A few days ago, Oprah Winfrey announced she put her Harpo Studios up for sale. The facility, which hasn’t been used much since her talk show ended in 2011, could fetch over a million bucks in the real estate market.
On Thursday, the Sun-Times’ Neil Steinberg slammed her for not being “Chicago” enough, or something.
Great article. If it were still 2011. Or even 2009.
Back then – when Oprah still called Chicago home, yours truly paid a “tribute” to Oprah for all she did here in Chicago.
Or to put it more accurately, what she didn’t do. Like hire more minorities to work in her production company. Or reach out to Chicago’s African-American community (even Judge Mathis and Steve Harvey, who have TV shows shot here, have done so.) Or even attend John H. Johnson’s funeral – the man who founded Ebony and Jet magazines right here in Chicago and was a pioneering African-American businessman in the media business, well before Oprah did.

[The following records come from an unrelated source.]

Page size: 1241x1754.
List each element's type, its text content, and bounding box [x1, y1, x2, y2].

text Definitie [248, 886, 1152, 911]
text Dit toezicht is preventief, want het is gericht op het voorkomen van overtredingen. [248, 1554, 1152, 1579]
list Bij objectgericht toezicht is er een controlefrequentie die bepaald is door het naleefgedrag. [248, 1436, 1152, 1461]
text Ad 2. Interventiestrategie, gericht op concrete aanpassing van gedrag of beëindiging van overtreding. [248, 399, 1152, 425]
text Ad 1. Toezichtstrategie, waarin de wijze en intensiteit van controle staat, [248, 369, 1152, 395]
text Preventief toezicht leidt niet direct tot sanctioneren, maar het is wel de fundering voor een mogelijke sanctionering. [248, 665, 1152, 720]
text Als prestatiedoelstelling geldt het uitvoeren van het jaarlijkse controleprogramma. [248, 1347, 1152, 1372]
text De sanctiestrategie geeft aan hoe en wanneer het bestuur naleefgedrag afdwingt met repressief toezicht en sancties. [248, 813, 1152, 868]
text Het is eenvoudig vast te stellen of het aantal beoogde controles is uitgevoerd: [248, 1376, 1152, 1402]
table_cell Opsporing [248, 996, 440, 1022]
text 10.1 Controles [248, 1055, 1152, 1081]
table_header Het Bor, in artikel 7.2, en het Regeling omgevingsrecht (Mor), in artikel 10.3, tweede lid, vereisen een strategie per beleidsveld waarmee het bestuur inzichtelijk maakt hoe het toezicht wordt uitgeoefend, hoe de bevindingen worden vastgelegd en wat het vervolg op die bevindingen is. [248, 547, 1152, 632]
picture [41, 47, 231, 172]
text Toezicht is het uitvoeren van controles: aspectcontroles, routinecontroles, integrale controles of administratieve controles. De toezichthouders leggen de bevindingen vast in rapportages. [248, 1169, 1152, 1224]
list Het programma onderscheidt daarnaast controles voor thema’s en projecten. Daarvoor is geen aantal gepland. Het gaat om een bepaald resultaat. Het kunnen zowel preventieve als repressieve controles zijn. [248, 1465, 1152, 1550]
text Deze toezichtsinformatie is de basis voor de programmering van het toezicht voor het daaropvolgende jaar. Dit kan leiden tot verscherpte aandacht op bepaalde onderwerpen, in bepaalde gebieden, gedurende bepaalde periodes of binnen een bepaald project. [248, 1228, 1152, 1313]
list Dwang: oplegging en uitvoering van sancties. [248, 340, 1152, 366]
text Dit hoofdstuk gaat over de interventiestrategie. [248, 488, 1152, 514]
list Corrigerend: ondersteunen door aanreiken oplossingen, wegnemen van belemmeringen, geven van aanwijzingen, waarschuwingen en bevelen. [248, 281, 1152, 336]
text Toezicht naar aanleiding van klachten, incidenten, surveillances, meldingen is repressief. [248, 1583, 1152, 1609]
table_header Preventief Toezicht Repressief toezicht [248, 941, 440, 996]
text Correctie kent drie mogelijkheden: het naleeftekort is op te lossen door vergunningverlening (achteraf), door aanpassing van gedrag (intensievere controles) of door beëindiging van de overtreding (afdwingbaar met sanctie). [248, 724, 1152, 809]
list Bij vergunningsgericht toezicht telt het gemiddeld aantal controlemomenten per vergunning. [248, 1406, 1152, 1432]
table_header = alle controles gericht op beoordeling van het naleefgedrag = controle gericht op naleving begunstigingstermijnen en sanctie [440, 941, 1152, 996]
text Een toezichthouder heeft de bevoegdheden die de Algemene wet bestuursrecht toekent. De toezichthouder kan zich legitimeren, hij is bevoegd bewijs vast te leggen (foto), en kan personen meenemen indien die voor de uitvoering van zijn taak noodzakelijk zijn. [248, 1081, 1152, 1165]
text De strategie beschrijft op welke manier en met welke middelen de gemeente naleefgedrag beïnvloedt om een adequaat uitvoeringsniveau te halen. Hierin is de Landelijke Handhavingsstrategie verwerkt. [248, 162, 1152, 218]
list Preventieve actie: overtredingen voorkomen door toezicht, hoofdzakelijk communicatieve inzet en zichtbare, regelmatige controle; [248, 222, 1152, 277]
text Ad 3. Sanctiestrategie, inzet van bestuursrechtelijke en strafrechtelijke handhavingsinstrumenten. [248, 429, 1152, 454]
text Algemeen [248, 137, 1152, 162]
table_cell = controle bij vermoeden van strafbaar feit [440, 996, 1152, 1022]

While Steinberg was sort-of spot on with the article, it should have been enough. But no. He had to retweet it every hour. He had to appear on Windy City Live to talk about it. He had to engage in Twitter wars with tools to get his point across. It’s all about him, not Oprah with his Jay Mariotti-like prowlness.
So why Steinberg decided to write a hit piece on Oprah? Because it gets him press. It gets him appearances on talk shows. It has people calling up WGN Radio talking about it. As long as it his name that appears among Oprah’s. What he wrote Thursday was a complete, total rehash of an article I wrote four years ago.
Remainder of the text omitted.